#### Assignment:
What needs transcribing is the line with "text along the" and every line after it to the end of the records, exactly and alone, with no pictures.

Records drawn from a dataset
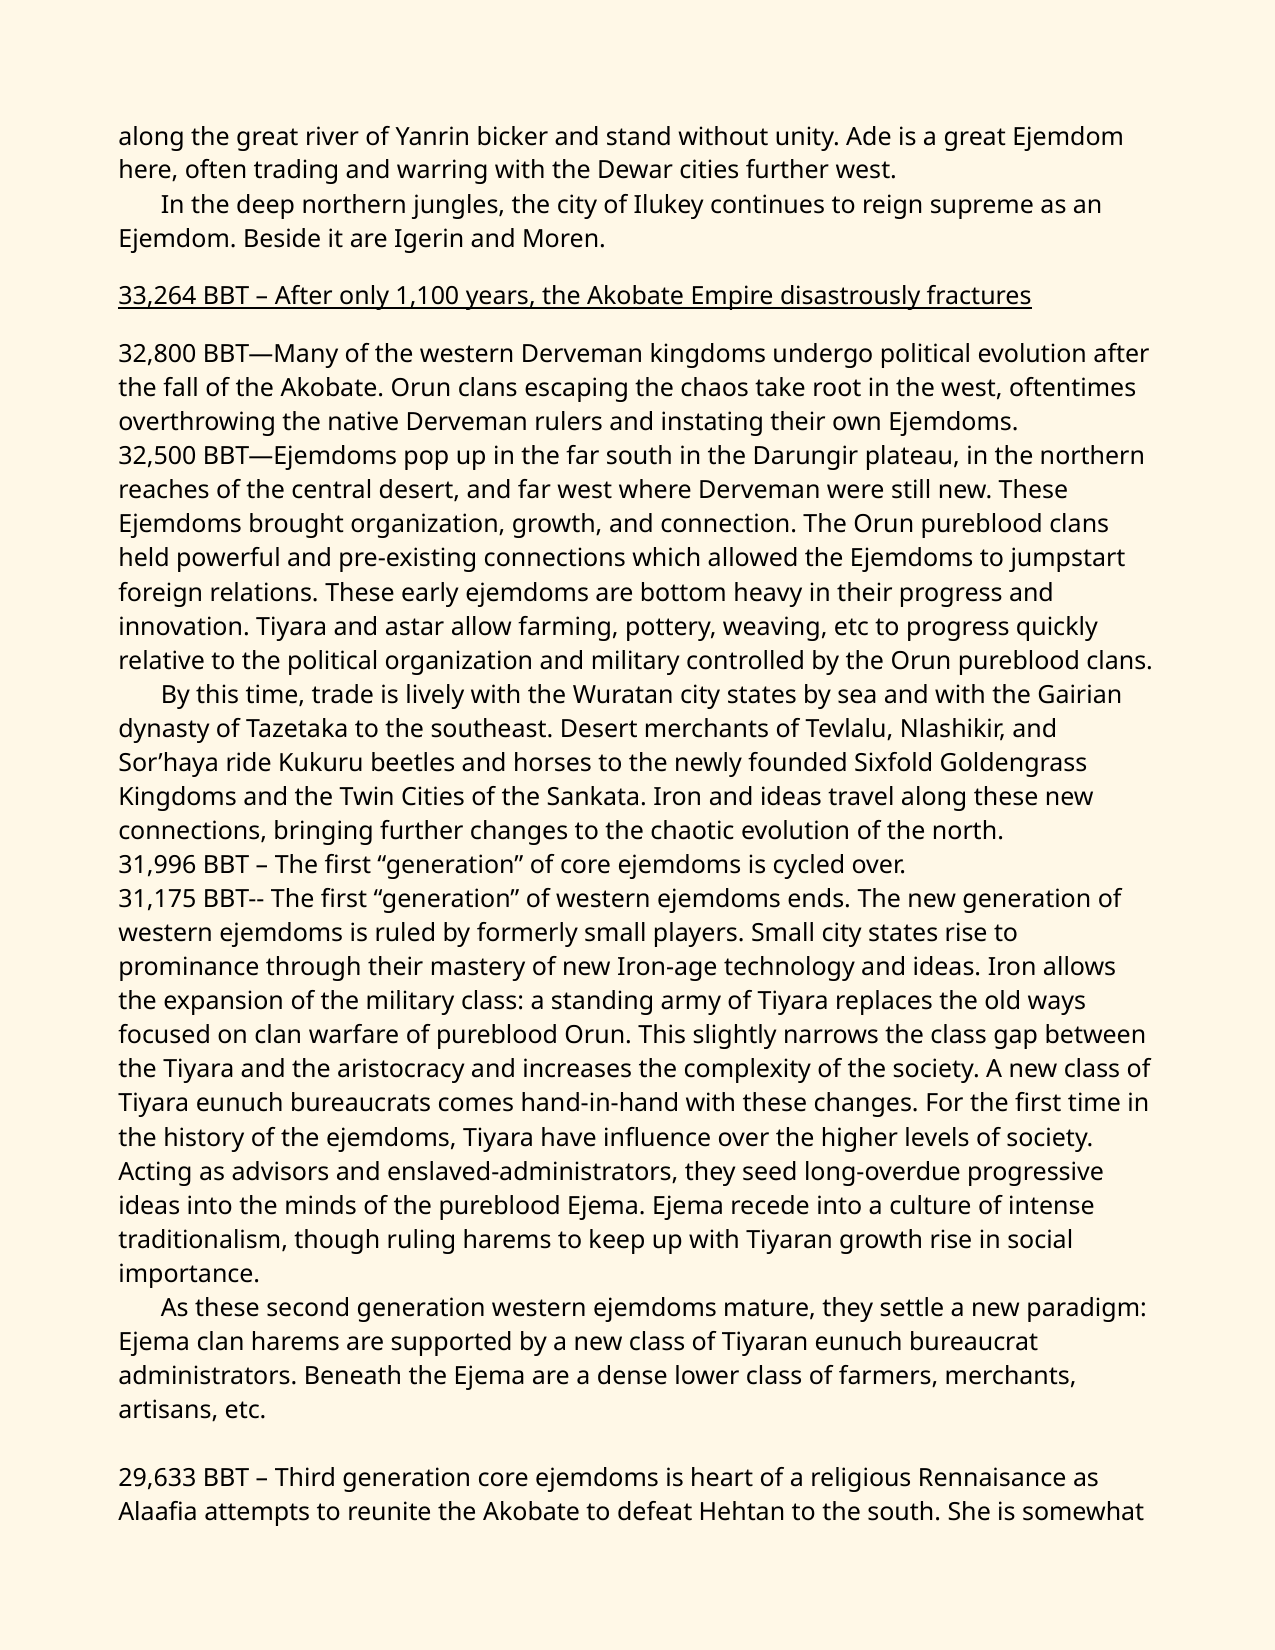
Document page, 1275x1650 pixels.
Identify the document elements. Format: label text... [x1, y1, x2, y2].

text 33,264 BBT – After only 1,100 years, the Akobate Empire disastrously fractures [118, 278, 1157, 312]
text By this time, trade is lively with the Wuratan city states by sea and with the Gairian dynasty of Tazetaka to the southeast. Desert merchants of Tevlalu, Nlashikir, and Sor’haya ride Kukuru beetles and horses to the newly founded Sixfold Goldengrass Kingdoms and the Twin Cities of the Sankata. Iron and ideas travel along these new connections, bringing further changes to the chaotic evolution of the north. [118, 676, 1157, 847]
text 29,633 BBT – Third generation core ejemdoms is heart of a religious Rennaisance as Alaafia attempts to reunite the Akobate to defeat Hehtan to the south. She is somewhat [118, 1460, 1157, 1528]
text 31,996 BBT – The first “generation” of core ejemdoms is cycled over. [118, 847, 1157, 881]
text 31,175 BBT-- The first “generation” of western ejemdoms ends. The new generation of western ejemdoms is ruled by formerly small players. Small city states rise to prominance through their mastery of new Iron-age technology and ideas. Iron allows the expansion of the military class: a standing army of Tiyara replaces the old ways focused on clan warfare of pureblood Orun. This slightly narrows the class gap between the Tiyara and the aristocracy and increases the complexity of the society. A new class of Tiyara eunuch bureaucrats comes hand-in-hand with these changes. For the first time in the history of the ejemdoms, Tiyara have influence over the higher levels of society. Acting as advisors and enslaved-administrators, they seed long-overdue progressive ideas into the minds of the pureblood Ejema. Ejema recede into a culture of intense traditionalism, though ruling harems to keep up with Tiyaran growth rise in social importance. [118, 881, 1157, 1289]
text As these second generation western ejemdoms mature, they settle a new paradigm: Ejema clan harems are supported by a new class of Tiyaran eunuch bureaucrat administrators. Beneath the Ejema are a dense lower class of farmers, merchants, artisans, etc. [118, 1289, 1157, 1426]
text 32,800 BBT—Many of the western Derveman kingdoms undergo political evolution after the fall of the Akobate. Orun clans escaping the chaos take root in the west, oftentimes overthrowing the native Derveman rulers and instating their own Ejemdoms. [118, 336, 1157, 438]
text 32,500 BBT—Ejemdoms pop up in the far south in the Darungir plateau, in the northern reaches of the central desert, and far west where Derveman were still new. These Ejemdoms brought organization, growth, and connection. The Orun pureblood clans held powerful and pre-existing connections which allowed the Ejemdoms to jumpstart foreign relations. These early ejemdoms are bottom heavy in their progress and innovation. Tiyara and astar allow farming, pottery, weaving, etc to progress quickly relative to the political organization and military controlled by the Orun pureblood clans. [118, 438, 1157, 676]
text along the great river of Yanrin bicker and stand without unity. Ade is a great Ejemdom here, often trading and warring with the Dewar cities further west. [118, 118, 1157, 186]
text In the deep northern jungles, the city of Ilukey continues to reign supreme as an Ejemdom. Beside it are Igerin and Moren. [118, 186, 1157, 254]
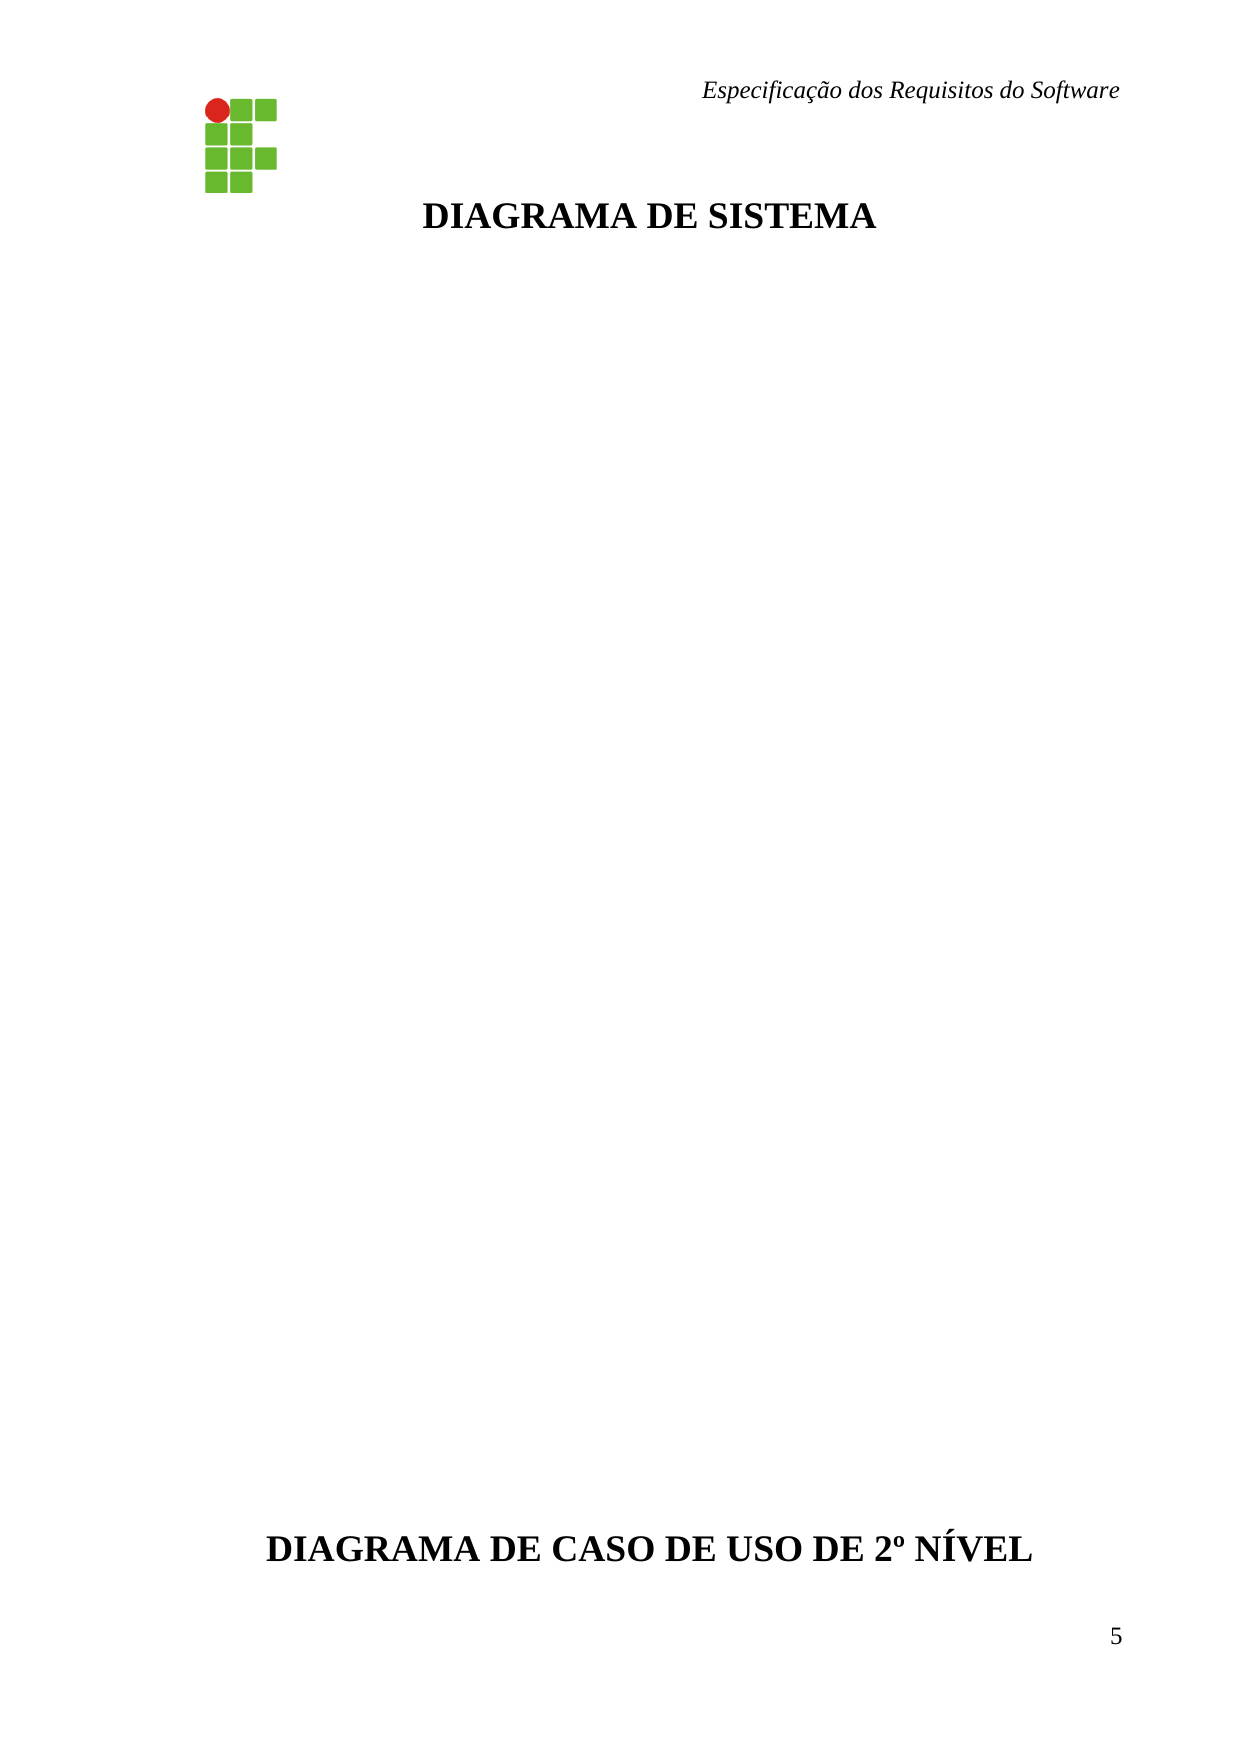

#### Solution to this task:
text along the great river of Yanrin bicker and stand without unity. Ade is a great Ejemdom here, often trading and warring with the Dewar cities further west. [118, 118, 1157, 186]
text In the deep northern jungles, the city of Ilukey continues to reign supreme as an Ejemdom. Beside it are Igerin and Moren. [118, 186, 1157, 254]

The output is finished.